Seingat saya, yang saya sampaikan adalah belum saatnya kita impor beras. Kami keberatan karena sejumlah tahapan belum dipenuhi. Misalnya, saya ingin ada operasi pasar dulu supaya harga tak berlebihan. Juga, perlu dicek lagi kualitas beras itu. Apa betul itu masuk kategori menengah? Tapi saya juga menyampaikan kalau bisa memahami rencana impor beras kalau alasannya demi menekan inflasi. Itu yang kemudian saya diserang—katanya, saya menyetujui impor.
Pemerintah mengatakan, stok beras pemerintah (iron stock) sampai 1 juta ton dari Bulog. Dasarnya apa?

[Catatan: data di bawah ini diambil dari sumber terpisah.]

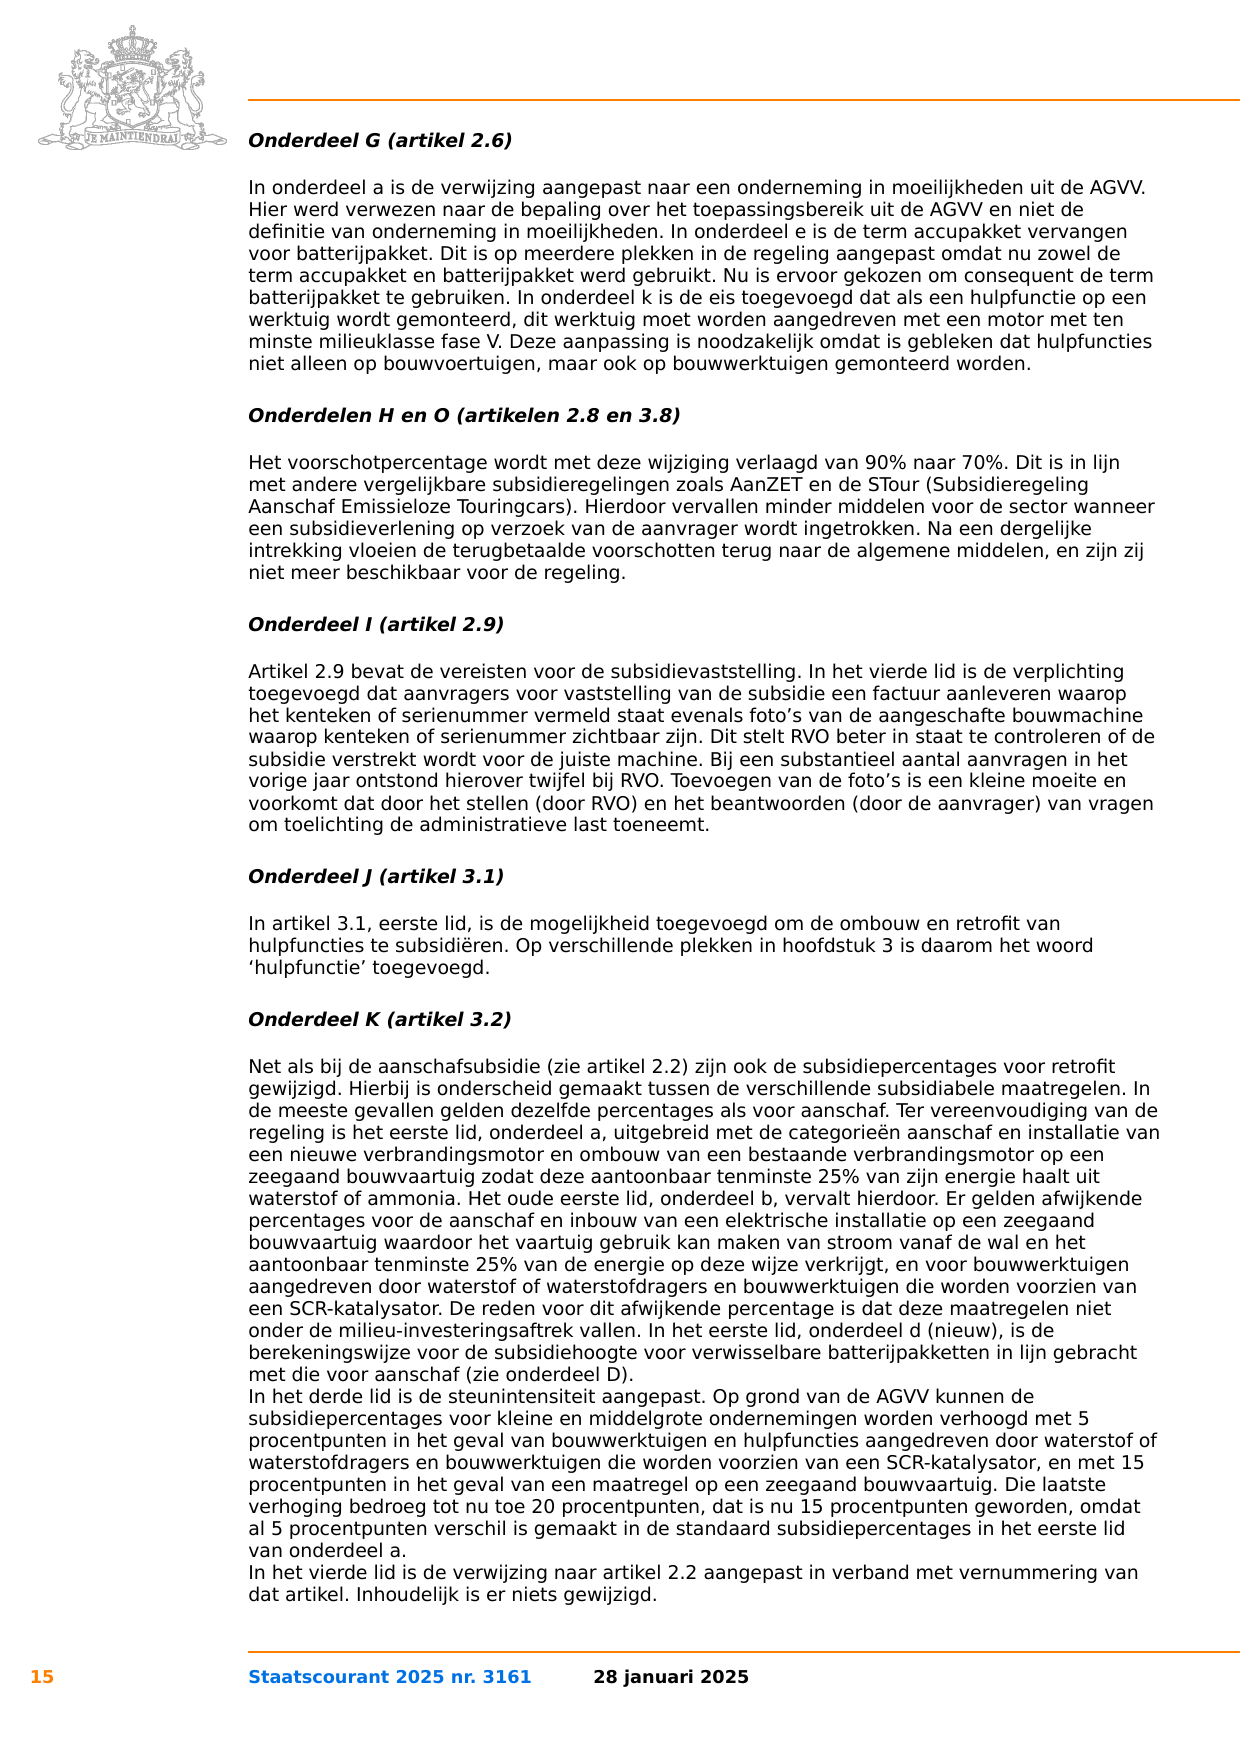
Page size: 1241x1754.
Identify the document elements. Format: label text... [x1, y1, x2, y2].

picture [38, 25, 227, 150]
text In het vierde lid is de verwijzing naar artikel 2.2 aangepast in verband met vernummering van dat artikel. Inhoudelijk is er niets gewijzigd. [248, 1562, 1163, 1606]
subtitle Onderdelen H en O (artikelen 2.8 en 3.8) [248, 405, 1163, 427]
subtitle Onderdeel G (artikel 2.6) [248, 130, 1163, 152]
subtitle Onderdeel K (artikel 3.2) [248, 1009, 1163, 1031]
text Het voorschotpercentage wordt met deze wijziging verlaagd van 90% naar 70%. Dit is in lijn met andere vergelijkbare subsidieregelingen zoals AanZET en de STour (Subsidieregeling Aanschaf Emissieloze Touringcars). Hierdoor vervallen minder middelen voor de sector wanneer een subsidieverlening op verzoek van de aanvrager wordt ingetrokken. Na een dergelijke intrekking vloeien de terugbetaalde voorschotten terug naar de algemene middelen, en zijn zij niet meer beschikbaar voor de regeling. [248, 452, 1163, 583]
text In onderdeel a is de verwijzing aangepast naar een onderneming in moeilijkheden uit de AGVV. Hier werd verwezen naar de bepaling over het toepassingsbereik uit de AGVV en niet de definitie van onderneming in moeilijkheden. In onderdeel e is de term accupakket vervangen voor batterijpakket. Dit is op meerdere plekken in de regeling aangepast omdat nu zowel de term accupakket en batterijpakket werd gebruikt. Nu is ervoor gekozen om consequent de term batterijpakket te gebruiken. In onderdeel k is de eis toegevoegd dat als een hulpfunctie op een werktuig wordt gemonteerd, dit werktuig moet worden aangedreven met een motor met ten minste milieuklasse fase V. Deze aanpassing is noodzakelijk omdat is gebleken dat hulpfuncties niet alleen op bouwvoertuigen, maar ook op bouwwerktuigen gemonteerd worden. [248, 177, 1163, 375]
text In het derde lid is de steunintensiteit aangepast. Op grond van de AGVV kunnen de subsidiepercentages voor kleine en middelgrote ondernemingen worden verhoogd met 5 procentpunten in het geval van bouwwerktuigen en hulpfuncties aangedreven door waterstof of waterstofdragers en bouwwerktuigen die worden voorzien van een SCR-katalysator, en met 15 procentpunten in het geval van een maatregel op een zeegaand bouwvaartuig. Die laatste verhoging bedroeg tot nu toe 20 procentpunten, dat is nu 15 procentpunten geworden, omdat al 5 procentpunten verschil is gemaakt in de standaard subsidiepercentages in het eerste lid van onderdeel a. [248, 1386, 1163, 1562]
text In artikel 3.1, eerste lid, is de mogelijkheid toegevoegd om de ombouw en retrofit van hulpfuncties te subsidiëren. Op verschillende plekken in hoofdstuk 3 is daarom het woord ‘hulpfunctie’ toegevoegd. [248, 913, 1163, 979]
text Net als bij de aanschafsubsidie (zie artikel 2.2) zijn ook de subsidiepercentages voor retrofit gewijzigd. Hierbij is onderscheid gemaakt tussen de verschillende subsidiabele maatregelen. In de meeste gevallen gelden dezelfde percentages als voor aanschaf. Ter vereenvoudiging van de regeling is het eerste lid, onderdeel a, uitgebreid met de categorieën aanschaf en installatie van een nieuwe verbrandingsmotor en ombouw van een bestaande verbrandingsmotor op een zeegaand bouwvaartuig zodat deze aantoonbaar tenminste 25% van zijn energie haalt uit waterstof of ammonia. Het oude eerste lid, onderdeel b, vervalt hierdoor. Er gelden afwijkende percentages voor de aanschaf en inbouw van een elektrische installatie op een zeegaand bouwvaartuig waardoor het vaartuig gebruik kan maken van stroom vanaf de wal en het aantoonbaar tenminste 25% van de energie op deze wijze verkrijgt, en voor bouwwerktuigen aangedreven door waterstof of waterstofdragers en bouwwerktuigen die worden voorzien van een SCR-katalysator. De reden voor dit afwijkende percentage is dat deze maatregelen niet onder de milieu-investeringsaftrek vallen. In het eerste lid, onderdeel d (nieuw), is de berekeningswijze voor de subsidiehoogte voor verwisselbare batterijpakketten in lijn gebracht met die voor aanschaf (zie onderdeel D). [248, 1056, 1163, 1386]
subtitle Onderdeel I (artikel 2.9) [248, 613, 1163, 636]
text Artikel 2.9 bevat de vereisten voor de subsidievaststelling. In het vierde lid is de verplichting toegevoegd dat aanvragers voor vaststelling van de subsidie een factuur aanleveren waarop het kenteken of serienummer vermeld staat evenals foto’s van de aangeschafte bouwmachine waarop kenteken of serienummer zichtbaar zijn. Dit stelt RVO beter in staat te controleren of de subsidie verstrekt wordt voor de juiste machine. Bij een substantieel aantal aanvragen in het vorige jaar ontstond hierover twijfel bij RVO. Toevoegen van de foto’s is een kleine moeite en voorkomt dat door het stellen (door RVO) en het beantwoorden (door de aanvrager) van vragen om toelichting de administratieve last toeneemt. [248, 661, 1163, 836]
subtitle Onderdeel J (artikel 3.1) [248, 866, 1163, 888]

Iron stock itu hanya 350 ribu ton saja. Itu milik pemerintah. Sedangkan stok Bulog 1 juta ton. Itu hasil kajian para ahli. Waktu itu stok minimal 750 ribu sampai 1,25 juta ton, jadi ambil tengahnya.
Sudah disetujui pemerintah?
Ya dan sudah dua kali dirapatkan di Menko Perekonomian. Itu rapat terakhir setelah kejadian lolosnya 70 ribu ton impor beras yang izinnya belum keluar. Dari pengalaman itu, kemudian rapat antarmenteri jadi lebih intensif.
Waktu itu, kami melihat pergerakan harga dan situasi pasar. Lalu juga stok Bulog pada Januari. Memang, Januari 2006 situasinya kritis, sementara awal Februari itu baru mau panen. Lalu disepakati: impor diperkenankan jika kondisi mendesak dan ada rekomendasi Ketua Dewan Ketahanan Pangan. Itu sudah dipenuhi. Namun, saya masih mengajukan syarat.
Pertama, sebaiknya tetap diupayakan pembelian beras dari dalam negeri. Usulan disampaikan ke Presiden. Beliau setuju. Kami lalu berusaha memobilisasi beras dalam negeri, tapi tidak tercapai karena harganya melebihi harga pembelian pemerintah (HPP).
Syarat kedua, kalau pemerintah concern impor demi menstabilkan harga, maka pemerintah juga harus all out mengamankan harga agar tak jatuh pada panen raya nanti. Itu juga telah disepakati. Kami sudah menyiapkan strategi pengamanan pada Februari nanti, yang akan dibicarakan dengan Menko Perekonomian, akhir bulan ini.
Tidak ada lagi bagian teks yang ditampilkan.